The problem — Only the lines below starting at the one that contains "- person (24,377,141,506)" and ending at the one that contains "7) person from (56, 492) to (255, 823)" are to be reproduced, exactly and with both ends kept.

Records shown —
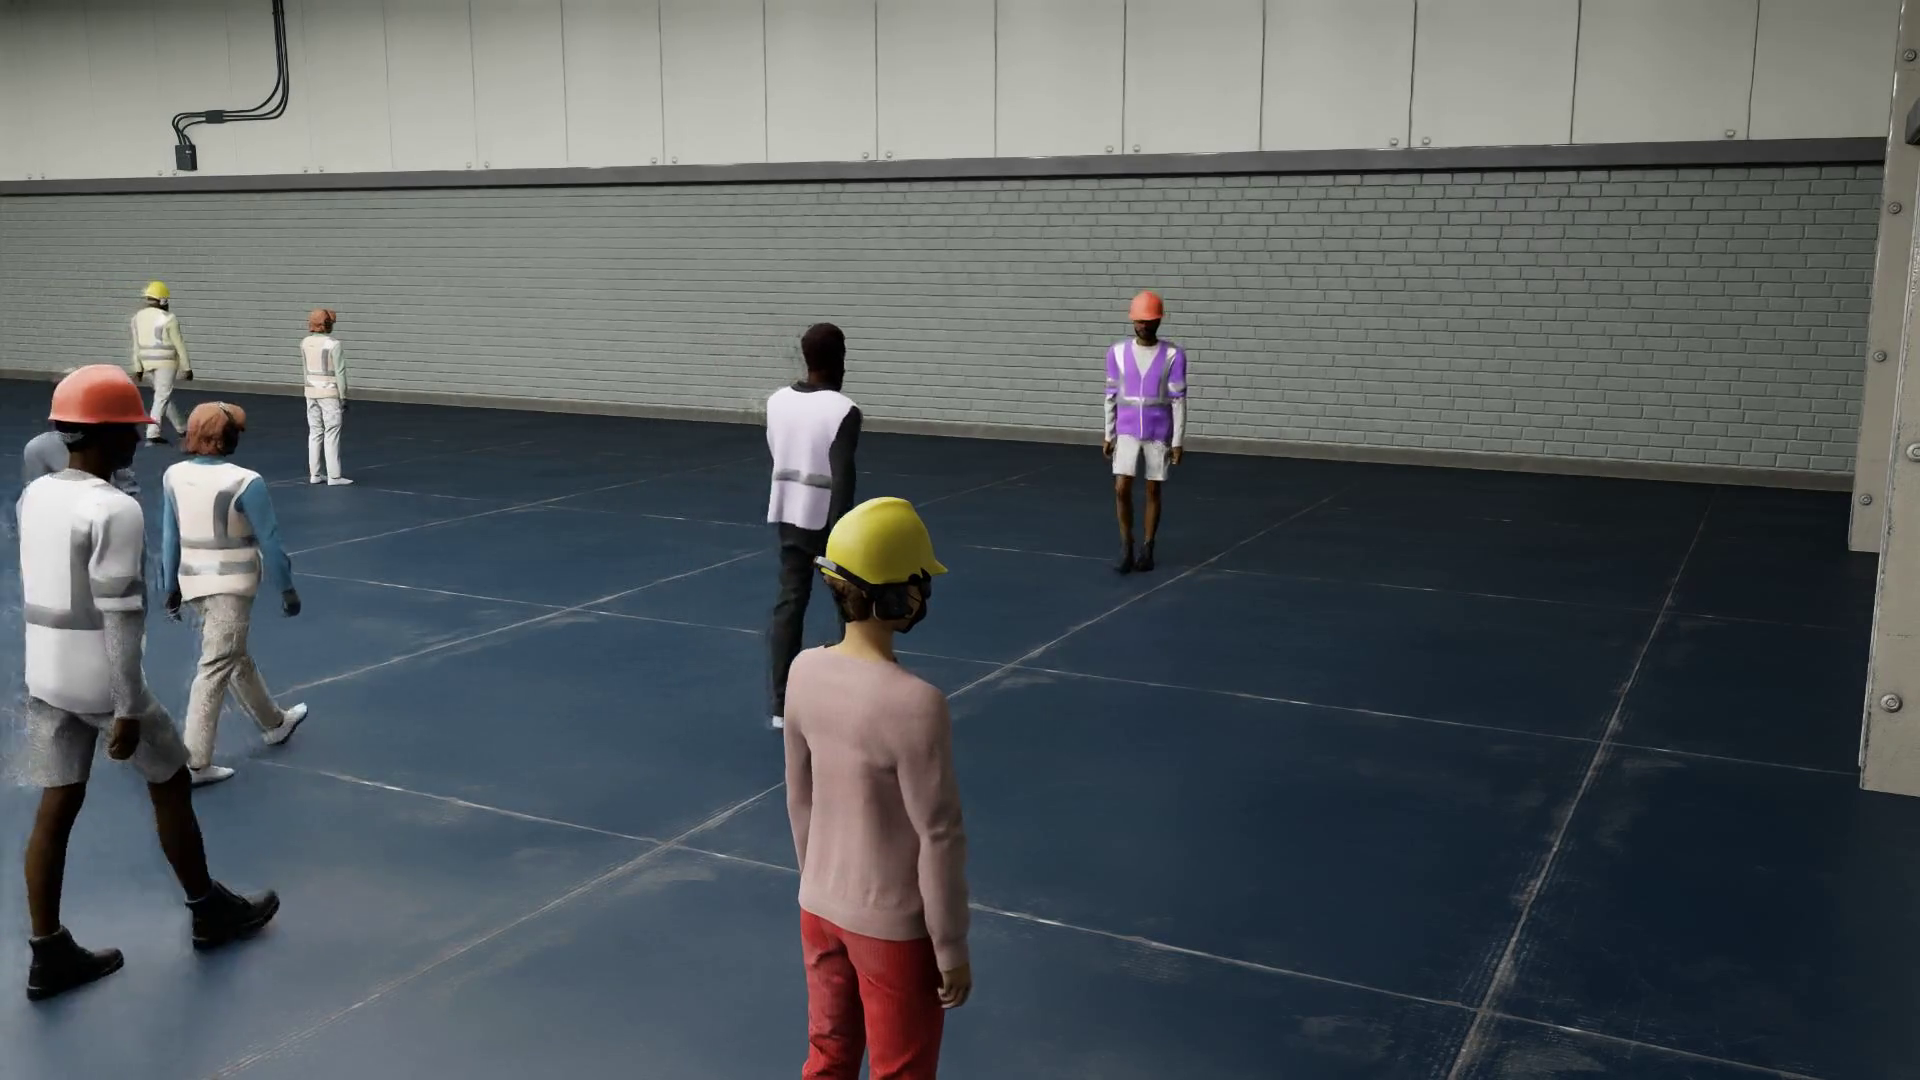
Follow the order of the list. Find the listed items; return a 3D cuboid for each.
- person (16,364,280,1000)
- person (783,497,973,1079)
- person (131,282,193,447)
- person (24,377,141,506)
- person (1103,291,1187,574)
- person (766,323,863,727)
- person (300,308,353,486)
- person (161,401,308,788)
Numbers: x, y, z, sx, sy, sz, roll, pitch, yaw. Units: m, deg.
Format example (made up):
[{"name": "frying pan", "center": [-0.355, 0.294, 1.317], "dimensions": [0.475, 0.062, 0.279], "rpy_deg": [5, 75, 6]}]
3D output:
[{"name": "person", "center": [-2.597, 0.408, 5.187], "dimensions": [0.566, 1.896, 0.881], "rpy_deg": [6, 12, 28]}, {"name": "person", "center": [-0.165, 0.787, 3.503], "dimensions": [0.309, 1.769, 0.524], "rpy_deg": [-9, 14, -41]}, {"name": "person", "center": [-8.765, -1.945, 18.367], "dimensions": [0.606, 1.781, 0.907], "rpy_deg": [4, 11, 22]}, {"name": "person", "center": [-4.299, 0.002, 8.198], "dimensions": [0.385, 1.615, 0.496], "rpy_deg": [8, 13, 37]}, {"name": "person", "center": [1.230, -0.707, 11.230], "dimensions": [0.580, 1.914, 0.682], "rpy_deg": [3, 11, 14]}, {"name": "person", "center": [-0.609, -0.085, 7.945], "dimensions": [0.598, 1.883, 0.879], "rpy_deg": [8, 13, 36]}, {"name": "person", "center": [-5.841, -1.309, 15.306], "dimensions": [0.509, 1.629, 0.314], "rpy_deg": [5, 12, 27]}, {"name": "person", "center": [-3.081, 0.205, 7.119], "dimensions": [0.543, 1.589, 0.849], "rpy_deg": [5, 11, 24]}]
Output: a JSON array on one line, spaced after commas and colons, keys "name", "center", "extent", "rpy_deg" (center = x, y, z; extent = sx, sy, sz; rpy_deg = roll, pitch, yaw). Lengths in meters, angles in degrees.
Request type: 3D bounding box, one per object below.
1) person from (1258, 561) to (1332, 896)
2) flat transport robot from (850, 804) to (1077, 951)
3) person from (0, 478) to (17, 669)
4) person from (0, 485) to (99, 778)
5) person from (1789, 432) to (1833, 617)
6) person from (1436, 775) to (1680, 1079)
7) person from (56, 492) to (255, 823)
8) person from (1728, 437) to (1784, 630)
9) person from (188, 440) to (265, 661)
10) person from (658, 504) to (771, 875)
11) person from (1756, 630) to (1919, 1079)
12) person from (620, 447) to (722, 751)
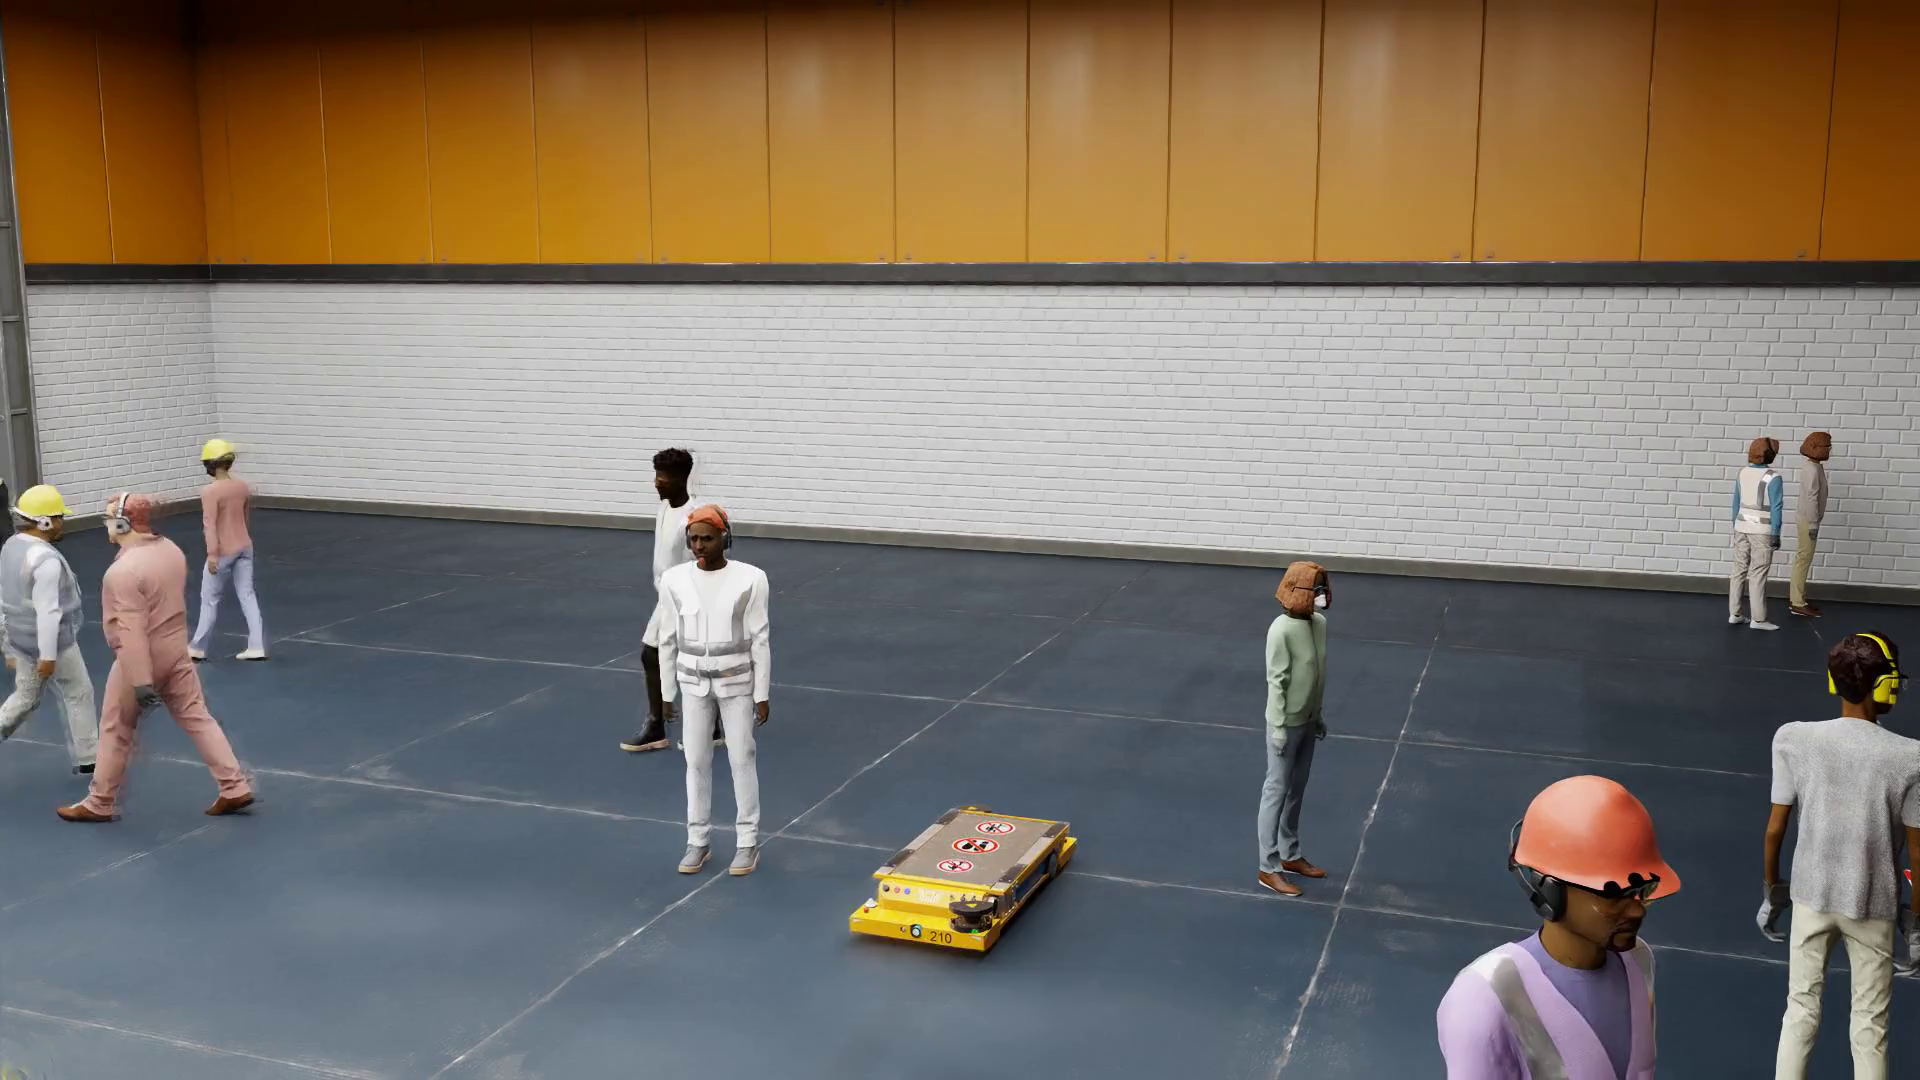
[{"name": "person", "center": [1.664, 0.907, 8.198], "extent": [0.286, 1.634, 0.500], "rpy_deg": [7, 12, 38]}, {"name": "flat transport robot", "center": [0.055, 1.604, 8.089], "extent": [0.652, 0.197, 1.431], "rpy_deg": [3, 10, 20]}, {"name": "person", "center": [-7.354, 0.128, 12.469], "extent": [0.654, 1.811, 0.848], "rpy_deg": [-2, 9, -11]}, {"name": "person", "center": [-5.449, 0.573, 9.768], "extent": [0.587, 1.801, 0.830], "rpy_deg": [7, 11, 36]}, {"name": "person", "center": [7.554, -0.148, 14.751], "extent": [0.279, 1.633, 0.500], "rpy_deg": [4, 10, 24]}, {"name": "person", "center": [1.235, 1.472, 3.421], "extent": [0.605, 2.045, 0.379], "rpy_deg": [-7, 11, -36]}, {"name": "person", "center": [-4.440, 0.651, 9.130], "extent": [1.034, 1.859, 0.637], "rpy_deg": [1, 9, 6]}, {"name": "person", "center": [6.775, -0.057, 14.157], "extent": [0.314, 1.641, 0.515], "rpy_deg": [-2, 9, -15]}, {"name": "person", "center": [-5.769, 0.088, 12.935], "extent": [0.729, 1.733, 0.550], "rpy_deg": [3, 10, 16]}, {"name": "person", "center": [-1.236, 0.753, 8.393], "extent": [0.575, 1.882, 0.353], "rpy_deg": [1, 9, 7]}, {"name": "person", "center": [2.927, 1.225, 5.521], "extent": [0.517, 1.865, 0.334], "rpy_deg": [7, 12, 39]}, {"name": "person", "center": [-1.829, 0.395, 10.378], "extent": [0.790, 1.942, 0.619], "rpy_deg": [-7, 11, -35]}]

Exercise result —
- person (24,377,141,506)
- person (1103,291,1187,574)
- person (766,323,863,727)
- person (300,308,353,486)
- person (161,401,308,788)
Numbers: x, y, z, sx, sy, sz, roll, pitch, yaw. Units: m, deg.
Format example (made up):
[{"name": "frying pan", "center": [-0.355, 0.294, 1.317], "dimensions": [0.475, 0.062, 0.279], "rpy_deg": [5, 75, 6]}]
3D output:
[{"name": "person", "center": [-2.597, 0.408, 5.187], "dimensions": [0.566, 1.896, 0.881], "rpy_deg": [6, 12, 28]}, {"name": "person", "center": [-0.165, 0.787, 3.503], "dimensions": [0.309, 1.769, 0.524], "rpy_deg": [-9, 14, -41]}, {"name": "person", "center": [-8.765, -1.945, 18.367], "dimensions": [0.606, 1.781, 0.907], "rpy_deg": [4, 11, 22]}, {"name": "person", "center": [-4.299, 0.002, 8.198], "dimensions": [0.385, 1.615, 0.496], "rpy_deg": [8, 13, 37]}, {"name": "person", "center": [1.230, -0.707, 11.230], "dimensions": [0.580, 1.914, 0.682], "rpy_deg": [3, 11, 14]}, {"name": "person", "center": [-0.609, -0.085, 7.945], "dimensions": [0.598, 1.883, 0.879], "rpy_deg": [8, 13, 36]}, {"name": "person", "center": [-5.841, -1.309, 15.306], "dimensions": [0.509, 1.629, 0.314], "rpy_deg": [5, 12, 27]}, {"name": "person", "center": [-3.081, 0.205, 7.119], "dimensions": [0.543, 1.589, 0.849], "rpy_deg": [5, 11, 24]}]
Output: a JSON array on one line, spaced after commas and colons, keys "name", "center", "extent", "rpy_deg" (center = x, y, z; extent = sx, sy, sz; rpy_deg = roll, pitch, yaw). Lengths in meters, angles in degrees.
Request type: 3D bounding box, one per object below.
1) person from (1258, 561) to (1332, 896)
2) flat transport robot from (850, 804) to (1077, 951)
3) person from (0, 478) to (17, 669)
4) person from (0, 485) to (99, 778)
5) person from (1789, 432) to (1833, 617)
6) person from (1436, 775) to (1680, 1079)
7) person from (56, 492) to (255, 823)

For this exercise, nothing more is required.